And we understand the use of free-will thus, that the Divine and illuminating grace, and which we call preventing [or, prevenient] grace, being, as a light to those in darkness, by the Divine goodness imparted to all, to those that are willing to obey this — for it is of use only to the willing, not to the unwilling — and co-operate with it, in what it requires as necessary to salvation, there is consequently granted particular grace. This grace co-operates with us, and enables us, and makes us to persevere in the love of God, that is to say, in performing those good things that God would have us to do, and which His preventing grace admonishes us that we should do, justifies us, and makes us predestinated. But those who will not obey, and co-operate with grace; and, therefore, will not observe those things that God would have us perform, and that abuse in the service of Satan the free-will, which they have received of God to perform voluntarily what is good, are consigned to eternal condemnation. (Decree 3)

The Orthodox understanding is that even after the Fall man retains free will and that God bestows prevenient grace on all peoples: “by the Divine goodness imparted to all.”  Furthermore, it understands that prevenient grace “co-operates with us” pointing to the synergistic understanding of salvation in Christ. The application of the doctrine of synergy to the saved and the unsaved can be seen in the two parallel phrases “those that are willing to obey” and “those who will not obey, and co-operate with grace.” Thus, all humanity have received in some measure God’s grace, and have chosen either to respond positively to God’s grace or refuse it.

Decree 3’s affirmation of free will challenges one of the foundational premises of Reformed soteriology: monergism, the teaching that God is the sole source and determiner of our salvation. That is, if we are saved, it is because God so chose to save us, and if we are damned, it is because God in his inscrutable wisdom has chosen this fate for us. There is no room for free will or synergism in the monergistic paradigm of salvation found in Reformed theology.

Reading further into Decree 3, we find the tone of outrage and dismay by the fathers of the Jerusalem Synod at the heartless cruelty implicit in the Reformed doctrine of double predestination. In no uncertain terms, they condemned this teaching as impious and blasphemous.

But then to affirm that the Divine Will is thus solely and without cause the author of their condemnation, what greater defamation can be fixed upon God? and what greater injury and blasphemy can be offered to the Most High?

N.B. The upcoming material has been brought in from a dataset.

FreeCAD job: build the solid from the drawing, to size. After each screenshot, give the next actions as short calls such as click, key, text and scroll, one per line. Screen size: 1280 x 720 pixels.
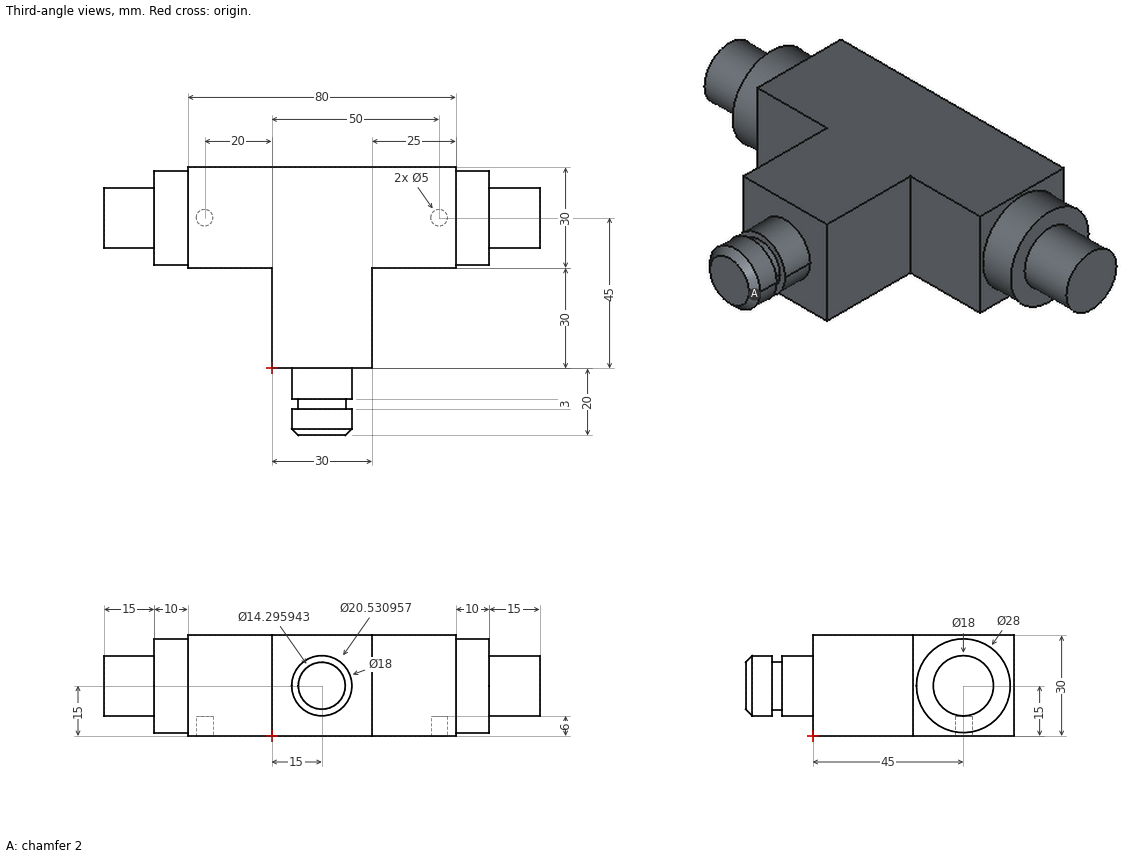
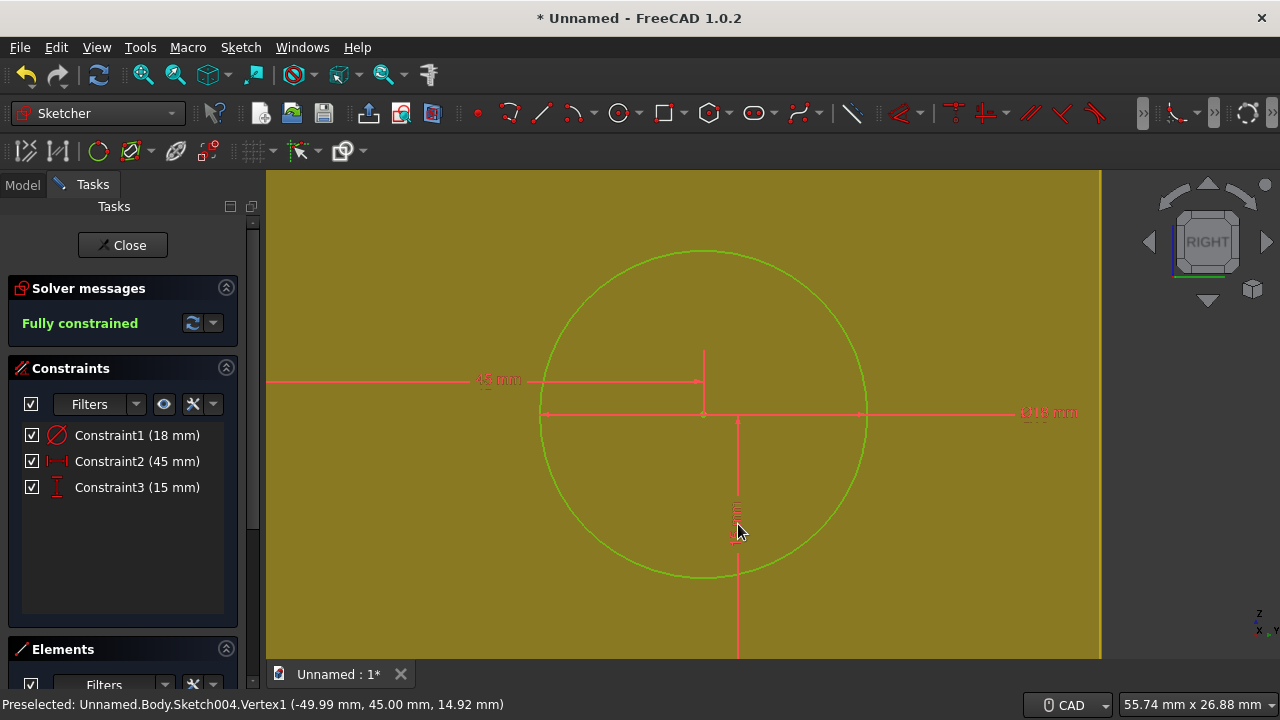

But of eternal punishment, of cruelty, of pitilessness, and of inhumanity, we never, never say God is the author, who tells us that there is joy in heaven over one sinner that repents.

 

Sola Fide

In Decree 13, the Confession of Dositheus rejects the core Protestant doctrine sola fide (justification by faith alone):

We believe a man to be not simply justified through faith alone, but through faith which works through love, that is to say, through faith and works. (Leith p. 496)

They explained that good works is a manifestation or fruit of faith, something quite different from the medieval Roman Catholic understanding of good works as meritorious.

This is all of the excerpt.